Pro-gaming, which has been around for about nine years, is finally coming into its own. I spent time last month talking to some of the major players in eSports for a story on the current state of pro-gaming and the sudden surge of leagues.

The story ran today in the Rocky and includes interviews with the CPL's Angel Munoz, Ubisoft, Lil Poison's dad, the Frag Dolls, the general manager of DirecTV and the veep of pro-gaming site GotFrag.

I also wrote a sidebar about the art of video game color commentating.

The story's running today because DirecTV's mega pro-gaming invitational airs on their network today.
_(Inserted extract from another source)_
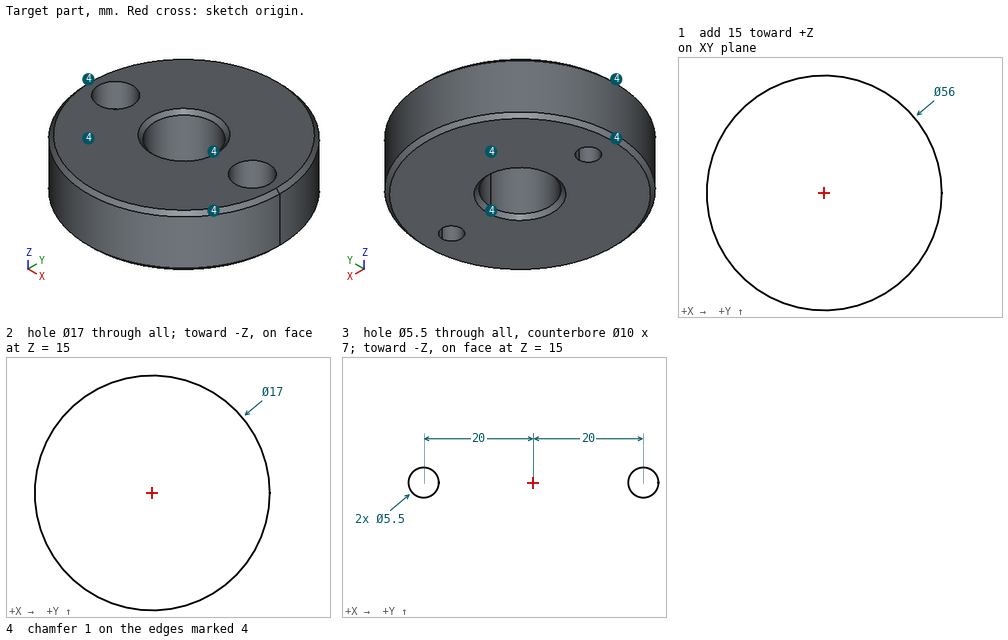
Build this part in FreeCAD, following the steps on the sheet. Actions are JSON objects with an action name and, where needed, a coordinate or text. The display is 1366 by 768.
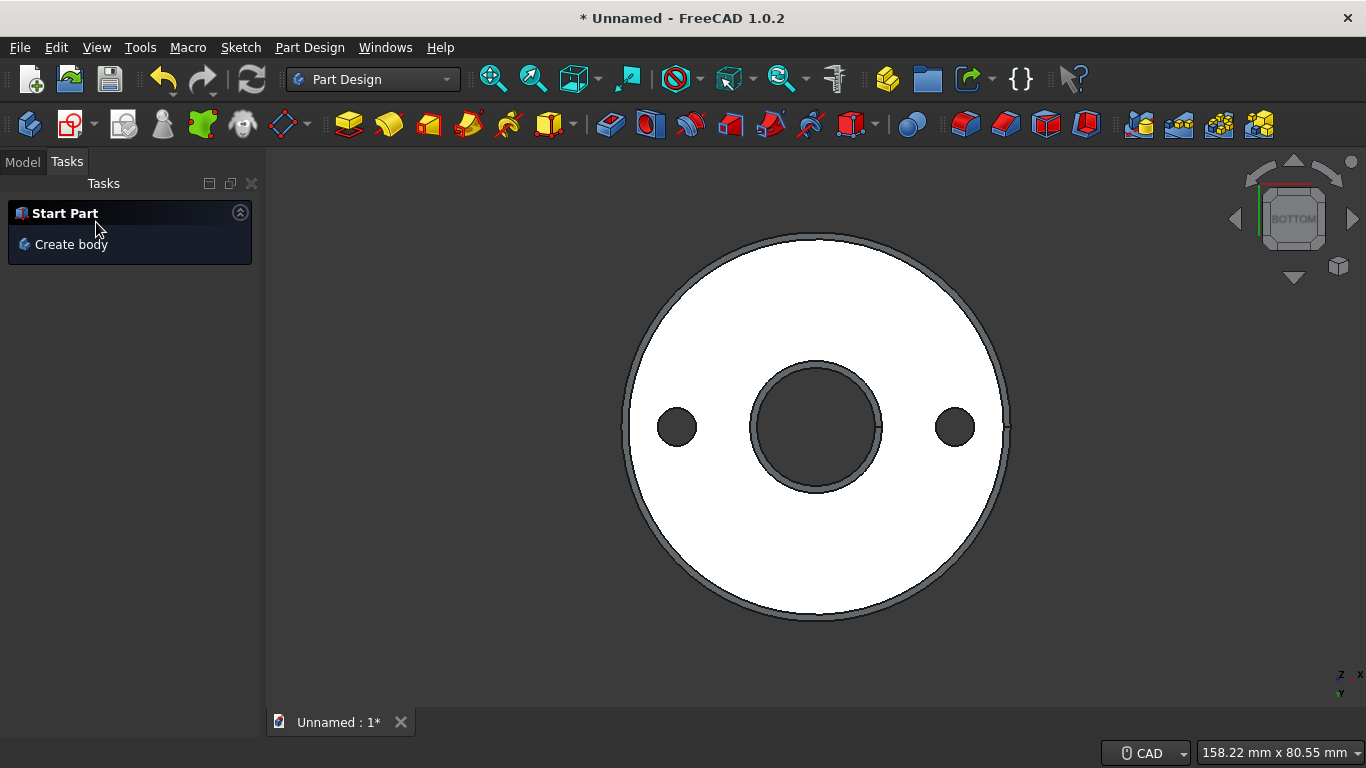
{"action": "key", "text": "0"}

The event was produced by 11-time Emmy Award winner Mike Burks and featured 17 high-def cameras.

DirecTV's latest sports special was produced by 11-time Emmy Award winner Mike Burks, included 17 high-definition cameras and featured $200,000 in prize money and hours of gunplay, car crashes and martial arts death matches. Filmed in a 16,000-square-foot arena built in an old hangar at the former Treasure Island Naval Base in San Francisco, the Championship Gaming Invitational is DirecTV's explosive entry into the burgeoning world of pro gaming and further proof that the once-obscure livelihood of video gaming is coming into its own. "It's been the perfect storm coming for the past 24 months," said Steven Roberts, vice president and general manager of DirecTV. "The state of the (game) industry, the state of gaming and the technology are all there."
Roberts goes on to say that they expect it to take years, like five to eight of them, before their pro-gaming league attains to the status of something like NASCAR, but that they are committed to the long-term investment. I ended up with way, way, way too much information and not nearly enough space, but I think the story does a good job of introducing the concept of pro-gaming to the uninitiated.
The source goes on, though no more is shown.